The Revolution, and so on…
and all the same, this revolutionary intrusion was rather poorly tolerated.

In short, Goethe’s translation went completely unnoticed.
I tell you: Goethe himself did not know it had been published.

That did not prevent Hegel from making it one of the pivotal elements
of that booklet full of humor to which I have recently referred—
The Phenomenology of Spirit.

You see, then, that there is no great reason to worry
that what emerges from you carries the label of what concerns you,
because I assure you: that is a major obstacle
to anything decent coming out at all.

If only because, within the very things
you might naturally be interested in,
you feel obliged—under the laws of the thesis—
to refer it back to the author:

– He must have had genius—of course—
especially if he did not say anything outrageously stupid
and contributed something important,
which may have nothing to do with him personally.
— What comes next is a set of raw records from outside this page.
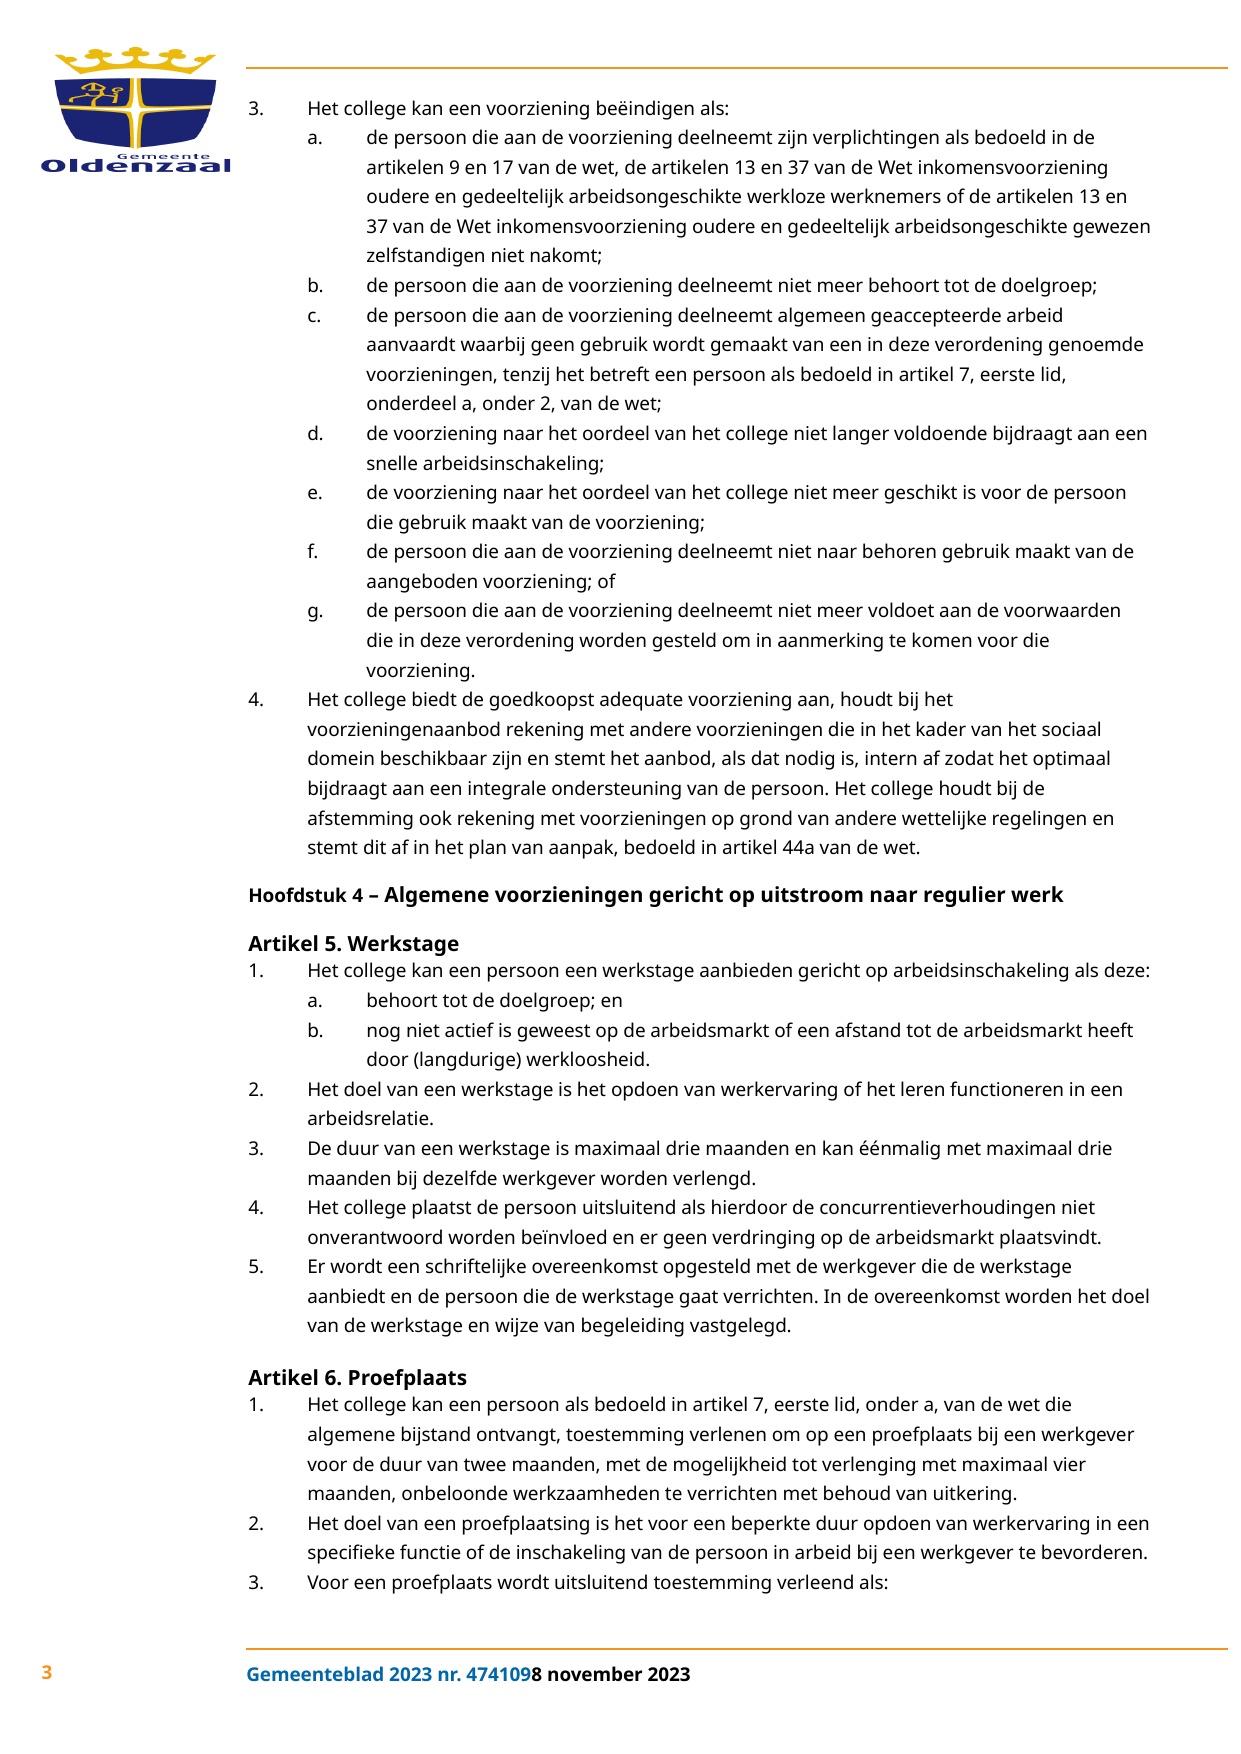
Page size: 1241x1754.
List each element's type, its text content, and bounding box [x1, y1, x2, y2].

list Er wordt een schriftelijke overeenkomst opgesteld met de werkgever die de werkstage aanbiedt en de persoon die de werkstage gaat verrichten. In de overeenkomst worden het doel van de werkstage en wijze van begeleiding vastgelegd. [248, 1253, 1152, 1338]
list Het college plaatst de persoon uitsluitend als hierdoor de concurrentieverhoudingen niet onverantwoord worden beïnvloed en er geen verdringing op de arbeidsmarkt plaatsvindt. [248, 1194, 1152, 1250]
text Hoofdstuk 4 – Algemene voorzieningen gericht op uitstroom naar regulier werk [248, 880, 1152, 908]
list Het college kan een persoon als bedoeld in artikel 7, eerste lid, onder a, van de wet die algemene bijstand ontvangt, toestemming verlenen om op een proefplaats bij een werkgever voor de duur van twee maanden, met de mogelijkheid tot verlenging met maximaal vier maanden, onbeloonde werkzaamheden te verrichten met behoud van uitkering. [248, 1392, 1152, 1506]
list de voorziening naar het oordeel van het college niet meer geschikt is voor de persoon die gebruik maakt van de voorziening; [307, 479, 1152, 535]
list de persoon die aan de voorziening deelneemt niet meer voldoet aan de voorwaarden die in deze verordening worden gesteld om in aanmerking te komen voor die voorziening. [307, 598, 1152, 683]
list nog niet actief is geweest op de arbeidsmarkt of een afstand tot de arbeidsmarkt heeft door (langdurige) werkloosheid. [307, 1017, 1152, 1072]
text Artikel 6. Proefplaats [248, 1363, 1152, 1392]
list Het doel van een werkstage is het opdoen van werkervaring of het leren functioneren in een arbeidsrelatie. [248, 1076, 1152, 1131]
list De duur van een werkstage is maximaal drie maanden en kan éénmalig met maximaal drie maanden bij dezelfde werkgever worden verlengd. [248, 1135, 1152, 1191]
list Het college kan een persoon een werkstage aanbieden gericht op arbeidsinschakeling als deze: [248, 958, 1152, 983]
list Het college kan een voorziening beëindigen als: [248, 95, 1152, 121]
list Het college biedt de goedkoopst adequate voorziening aan, houdt bij het voorzieningenaanbod rekening met andere voorzieningen die in het kader van het sociaal domein beschikbaar zijn en stemt het aanbod, als dat nodig is, intern af zodat het optimaal bijdraagt aan een integrale ondersteuning van de persoon. Het college houdt bij de afstemming ook rekening met voorzieningen op grond van andere wettelijke regelingen en stemt dit af in het plan van aanpak, bedoeld in artikel 44a van de wet. [248, 686, 1152, 860]
list de persoon die aan de voorziening deelneemt zijn verplichtingen als bedoeld in de artikelen 9 en 17 van de wet, de artikelen 13 en 37 van de Wet inkomensvoorziening oudere en gedeeltelijk arbeidsongeschikte werkloze werknemers of de artikelen 13 en 37 van de Wet inkomensvoorziening oudere en gedeeltelijk arbeidsongeschikte gewezen zelfstandigen niet nakomt; [307, 124, 1152, 268]
list de persoon die aan de voorziening deelneemt niet meer behoort tot de doelgroep; [307, 272, 1152, 298]
picture [41, 47, 231, 172]
list Voor een proefplaats wordt uitsluitend toestemming verleend als: [248, 1569, 1152, 1595]
list Het doel van een proefplaatsing is het voor een beperkte duur opdoen van werkervaring in een specifieke functie of de inschakeling van de persoon in arbeid bij een werkgever te bevorderen. [248, 1510, 1152, 1565]
list behoort tot de doelgroep; en [307, 987, 1152, 1013]
list de persoon die aan de voorziening deelneemt niet naar behoren gebruik maakt van de aangeboden voorziening; of [307, 538, 1152, 594]
text Artikel 5. Werkstage [248, 929, 1152, 958]
list de persoon die aan de voorziening deelneemt algemeen geaccepteerde arbeid aanvaardt waarbij geen gebruik wordt gemaakt van een in deze verordening genoemde voorzieningen, tenzij het betreft een persoon als bedoeld in artikel 7, eerste lid, onderdeel a, onder 2, van de wet; [307, 302, 1152, 416]
list de voorziening naar het oordeel van het college niet langer voldoende bijdraagt aan een snelle arbeidsinschakeling; [307, 420, 1152, 476]

– You are absolutely required to think he was a profound thinker.

And with that, you are ruined for a long time
when it comes to anything related to psychology.

It is entirely obvious that, in the order of things that illuminate…
I do not know…
The Reverse Side of Contemporary Life,
which I spoke to you about earlier—
there is not a shadow of psychology in it.

It is entirely a small construction
that holds its value by its Master-signifier—
or rather, that is worth being readable.

No need for the slightest psychology.

Finally, to say everything—to absolve myself—
I will add that what nonetheless saves my Écrits
from the accident that befell them—
namely, that they were read immediately—
is that, after all, they are a worst-seller. [Laughter]

Well, in any case,
I will not prolong—
in this heat—
this discourse,
which is the last I will give you this year.

It is quite clear that much is missing.
But certainly, if there is anything not in vain in being specified,
it is that your presence here—so numerous—
which so often embarrasses me—
at least has reasons
that are a little less than ignoble,
to borrow Hegel’s expression.

Of course, it is a matter of tact,
as others would say.
In fact, it seems—not too much,
but just enough.

I hope…
Well, if what I bring forth is not entirely incomprehensible—
to be honest, given what it is I put forth
before most of you—

…it is that not too much, but just enough,
I sometimes manage to make you feel ashamed.